- _Task prompt_: Only one stretch of the listing below is wanted. Give it again exactly, from the line with "#9 boat shoe (290, 0, 334, 31)" through the line with "#14 boat shoe (298, 217, 346, 256)".

========================================================================

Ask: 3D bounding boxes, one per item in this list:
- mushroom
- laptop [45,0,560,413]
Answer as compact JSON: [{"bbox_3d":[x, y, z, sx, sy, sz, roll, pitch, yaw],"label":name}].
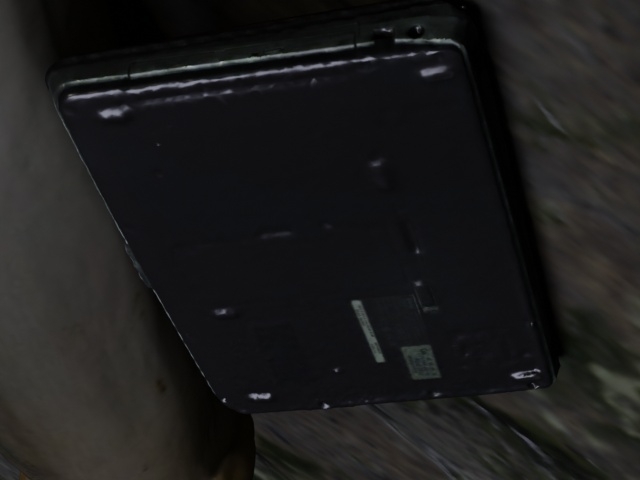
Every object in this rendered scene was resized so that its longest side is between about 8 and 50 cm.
[{"bbox_3d":[-0.134,-0.011,0.695,0.154,0.137,0.407,4,136,17],"label":"mushroom"},{"bbox_3d":[0.000,0.000,0.628,0.154,0.026,0.207,-7,139,12],"label":"laptop"}]
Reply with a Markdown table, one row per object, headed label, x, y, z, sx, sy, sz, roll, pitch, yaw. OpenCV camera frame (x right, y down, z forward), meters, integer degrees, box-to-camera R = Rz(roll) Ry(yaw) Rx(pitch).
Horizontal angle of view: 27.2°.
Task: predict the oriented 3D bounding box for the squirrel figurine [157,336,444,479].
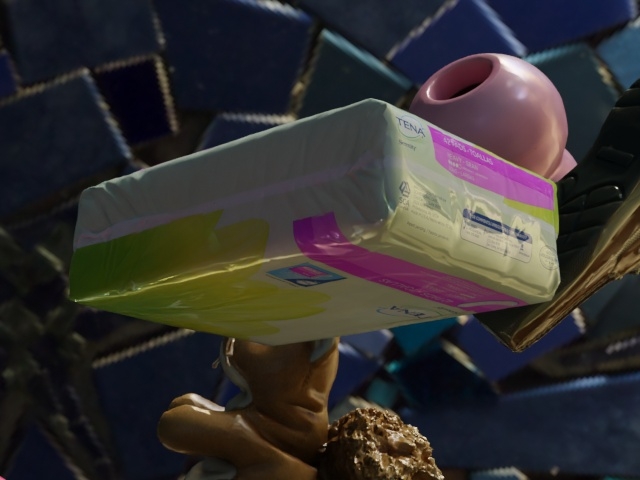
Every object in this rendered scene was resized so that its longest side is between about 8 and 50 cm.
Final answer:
| label | x | y | z | sx | sy | sz | roll | pitch | yaw |
| --- | --- | --- | --- | --- | --- | --- | --- | --- | --- |
| squirrel figurine | -0.028 | 0.293 | 1.835 | 0.281 | 0.397 | 0.370 | 84 | -152 | -77 |

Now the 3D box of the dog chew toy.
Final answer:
| label | x | y | z | sx | sy | sz | roll | pitch | yaw |
| --- | --- | --- | --- | --- | --- | --- | --- | --- | --- |
| dog chew toy | 0.244 | -0.073 | 1.701 | 0.207 | 0.332 | 0.206 | -23 | 29 | 13 |

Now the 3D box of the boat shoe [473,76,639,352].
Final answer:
| label | x | y | z | sx | sy | sz | roll | pitch | yaw |
| --- | --- | --- | --- | --- | --- | --- | --- | --- | --- |
| boat shoe | 0.285 | -0.018 | 1.249 | 0.324 | 0.120 | 0.122 | -48 | 29 | 0 |

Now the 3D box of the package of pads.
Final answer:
| label | x | y | z | sx | sy | sz | roll | pitch | yaw |
| --- | --- | --- | --- | --- | --- | --- | --- | --- | --- |
| package of pads | 0.000 | 0.000 | 0.956 | 0.296 | 0.229 | 0.101 | -12 | 70 | 37 |

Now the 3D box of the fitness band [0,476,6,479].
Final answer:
| label | x | y | z | sx | sy | sz | roll | pitch | yaw |
| --- | --- | --- | --- | --- | --- | --- | --- | --- | --- |
| fitness band | -0.212 | 0.195 | 0.634 | 0.291 | 0.209 | 0.054 | -12 | 5 | 31 |
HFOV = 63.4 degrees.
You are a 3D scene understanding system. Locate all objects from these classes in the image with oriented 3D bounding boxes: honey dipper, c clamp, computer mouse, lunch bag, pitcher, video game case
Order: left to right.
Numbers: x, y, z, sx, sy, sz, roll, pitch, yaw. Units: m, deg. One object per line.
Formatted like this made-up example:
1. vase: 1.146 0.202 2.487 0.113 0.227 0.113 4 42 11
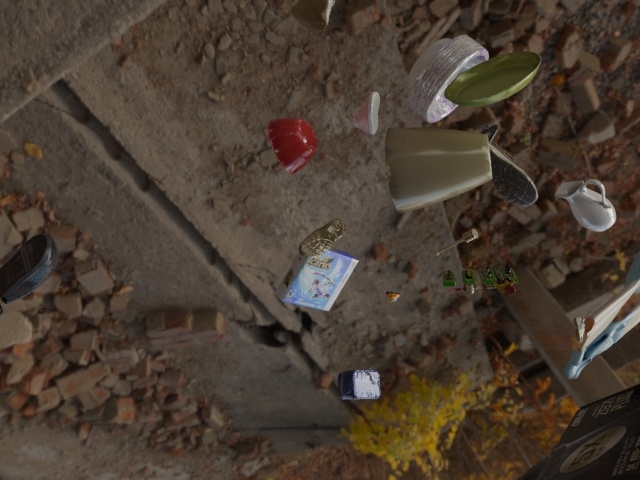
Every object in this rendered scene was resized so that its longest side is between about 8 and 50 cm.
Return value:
1. computer mouse: -0.793 0.088 1.384 0.272 0.188 0.072 -37 144 8
2. video game case: -0.009 0.139 1.986 0.270 0.061 0.244 19 104 -46
3. lunch bag: 0.090 0.338 1.214 0.099 0.067 0.065 14 157 -37
4. honey dipper: 0.410 0.009 1.591 0.031 0.030 0.161 14 149 -36
5. c clamp: 0.525 -0.321 1.696 0.022 0.137 0.160 36 75 -15
6. pitcher: 0.986 -0.133 1.876 0.207 0.178 0.125 42 73 -8

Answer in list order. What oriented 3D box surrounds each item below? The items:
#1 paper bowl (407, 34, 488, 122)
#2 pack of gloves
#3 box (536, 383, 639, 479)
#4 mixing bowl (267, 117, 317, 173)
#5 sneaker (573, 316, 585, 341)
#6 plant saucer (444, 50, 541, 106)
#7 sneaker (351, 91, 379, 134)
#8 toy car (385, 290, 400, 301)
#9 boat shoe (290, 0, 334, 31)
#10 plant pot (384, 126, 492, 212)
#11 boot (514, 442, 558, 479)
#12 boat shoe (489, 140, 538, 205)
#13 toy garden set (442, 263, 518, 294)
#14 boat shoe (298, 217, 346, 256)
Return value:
1. paper bowl: 0.400 -0.541 1.701 0.284 0.148 0.284 -38 163 -14
2. pack of gloves: 0.424 0.092 0.745 0.232 0.046 0.195 -32 141 -18
3. box: 0.299 0.212 0.486 0.180 0.077 0.147 -27 163 -42
4. mixing bowl: -0.074 -0.307 1.595 0.098 0.181 0.181 -21 142 21
5. sneaker: 0.863 0.294 1.711 0.037 0.083 0.032 2 158 5
6. plant saucer: 0.435 -0.402 1.312 0.241 0.241 0.037 -28 119 4
7. sneaker: 0.113 -0.335 1.342 0.051 0.070 0.134 -55 160 -25
8. toy car: 0.279 0.228 2.081 0.122 0.060 0.040 8 91 -68
9. boat shoe: -0.005 -0.587 1.239 0.098 0.277 0.096 25 89 -10
10. plant pot: 0.350 -0.223 1.507 0.274 0.256 0.256 -7 143 20
11. boot: 0.307 0.446 0.781 0.378 0.138 0.284 -10 139 -42
12. boat shoe: 0.722 -0.287 2.030 0.355 0.130 0.132 44 135 -6
13. toy garden set: 0.541 0.127 1.763 0.245 0.204 0.049 -4 105 12
14. boat shoe: 0.000 -0.001 1.428 0.060 0.064 0.178 -26 -173 47
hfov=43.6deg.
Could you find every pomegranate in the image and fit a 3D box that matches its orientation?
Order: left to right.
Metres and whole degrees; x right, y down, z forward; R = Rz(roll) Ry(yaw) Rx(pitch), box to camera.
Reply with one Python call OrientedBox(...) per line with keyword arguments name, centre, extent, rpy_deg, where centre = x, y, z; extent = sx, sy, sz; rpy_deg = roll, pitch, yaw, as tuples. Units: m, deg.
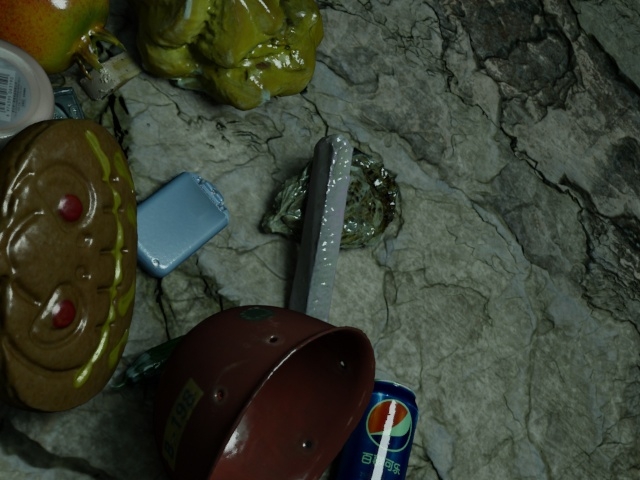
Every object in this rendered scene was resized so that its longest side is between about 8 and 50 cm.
OrientedBox(name="pomegranate", centre=(-0.419, -0.348, 1.218), extent=(0.257, 0.221, 0.221), rpy_deg=(38, 56, -2))

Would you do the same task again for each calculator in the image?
OrientedBox(name="calculator", centre=(-0.242, -0.028, 1.316), extent=(0.121, 0.039, 0.210), rpy_deg=(49, 55, -4))

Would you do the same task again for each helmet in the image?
OrientedBox(name="helmet", centre=(-0.116, 0.241, 1.162), extent=(0.230, 0.385, 0.337), rpy_deg=(33, 23, 30))

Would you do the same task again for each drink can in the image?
OrientedBox(name="drink can", centre=(0.094, 0.341, 1.335), extent=(0.118, 0.118, 0.205), rpy_deg=(28, 58, -20))

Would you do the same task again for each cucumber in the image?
OrientedBox(name="cucumber", centre=(-0.213, 0.176, 1.246), extent=(0.250, 0.056, 0.056), rpy_deg=(-19, 82, -38))

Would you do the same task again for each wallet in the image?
OrientedBox(name="wallet", centre=(-0.413, -0.183, 1.277), extent=(0.088, 0.026, 0.129), rpy_deg=(-18, 82, -36))

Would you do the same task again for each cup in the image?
OrientedBox(name="cup", centre=(-0.491, -0.146, 1.109), extent=(0.191, 0.200, 0.253), rpy_deg=(37, 57, -15))

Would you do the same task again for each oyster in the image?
OrientedBox(name="oyster", centre=(0.024, -0.078, 1.469), extent=(0.268, 0.112, 0.198), rpy_deg=(13, 86, -36))

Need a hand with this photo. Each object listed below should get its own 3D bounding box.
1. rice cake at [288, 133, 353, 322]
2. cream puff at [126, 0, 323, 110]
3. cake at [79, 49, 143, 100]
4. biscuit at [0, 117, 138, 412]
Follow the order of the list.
OrientedBox(name="rice cake", centre=(0.000, 0.000, 1.361), extent=(0.056, 0.073, 0.364), rpy_deg=(7, 92, -34))
OrientedBox(name="cream puff", centre=(-0.146, -0.408, 1.379), extent=(0.378, 0.275, 0.378), rpy_deg=(14, 63, -28))
OrientedBox(name="cake", centre=(-0.338, -0.286, 1.347), extent=(0.052, 0.065, 0.121), rpy_deg=(49, 48, -10))
OrientedBox(name="biscuit", centre=(-0.342, 0.035, 1.068), extent=(0.350, 0.070, 0.394), rpy_deg=(-18, 110, -71))
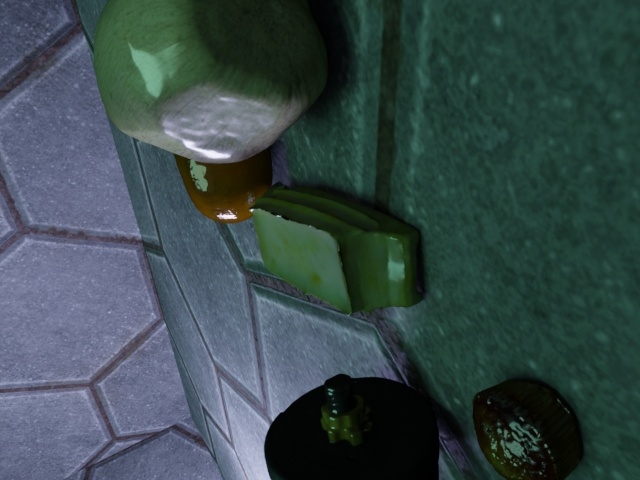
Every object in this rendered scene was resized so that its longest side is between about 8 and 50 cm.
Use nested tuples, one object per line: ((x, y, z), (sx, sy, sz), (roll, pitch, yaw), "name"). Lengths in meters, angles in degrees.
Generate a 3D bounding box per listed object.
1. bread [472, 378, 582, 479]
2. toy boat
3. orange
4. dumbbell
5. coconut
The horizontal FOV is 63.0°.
((0.154, 0.152, 0.406), (0.085, 0.053, 0.085), (45, 146, 42), "bread")
((-0.006, 0.002, 0.581), (0.276, 0.084, 0.111), (28, 136, 54), "toy boat")
((-0.126, -0.101, 0.700), (0.156, 0.124, 0.156), (156, 90, -81), "orange")
((0.057, 0.318, 0.581), (0.185, 0.185, 0.388), (22, 128, 58), "dumbbell")
((-0.106, -0.173, 0.509), (0.224, 0.224, 0.224), (45, 146, 42), "coconut")
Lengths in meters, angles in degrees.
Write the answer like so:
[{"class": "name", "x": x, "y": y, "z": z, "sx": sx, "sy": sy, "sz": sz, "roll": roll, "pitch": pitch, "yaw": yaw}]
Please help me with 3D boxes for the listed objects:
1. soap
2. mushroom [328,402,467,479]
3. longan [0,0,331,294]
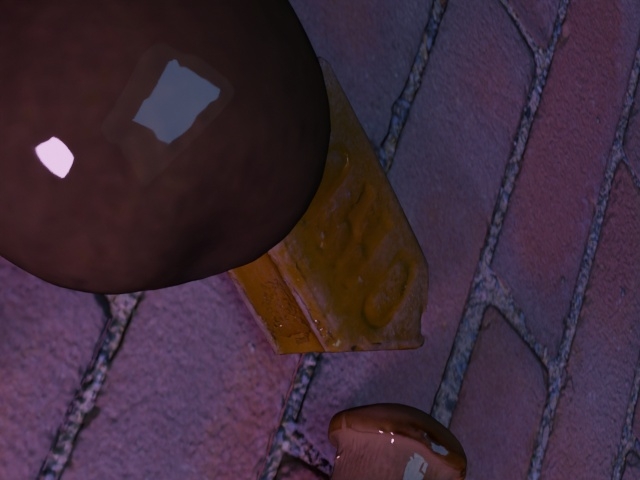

========================================================================

- _Result_:
#9 boat shoe (290, 0, 334, 31)
#10 plant pot (384, 126, 492, 212)
#11 boot (514, 442, 558, 479)
#12 boat shoe (489, 140, 538, 205)
#13 toy garden set (442, 263, 518, 294)
#14 boat shoe (298, 217, 346, 256)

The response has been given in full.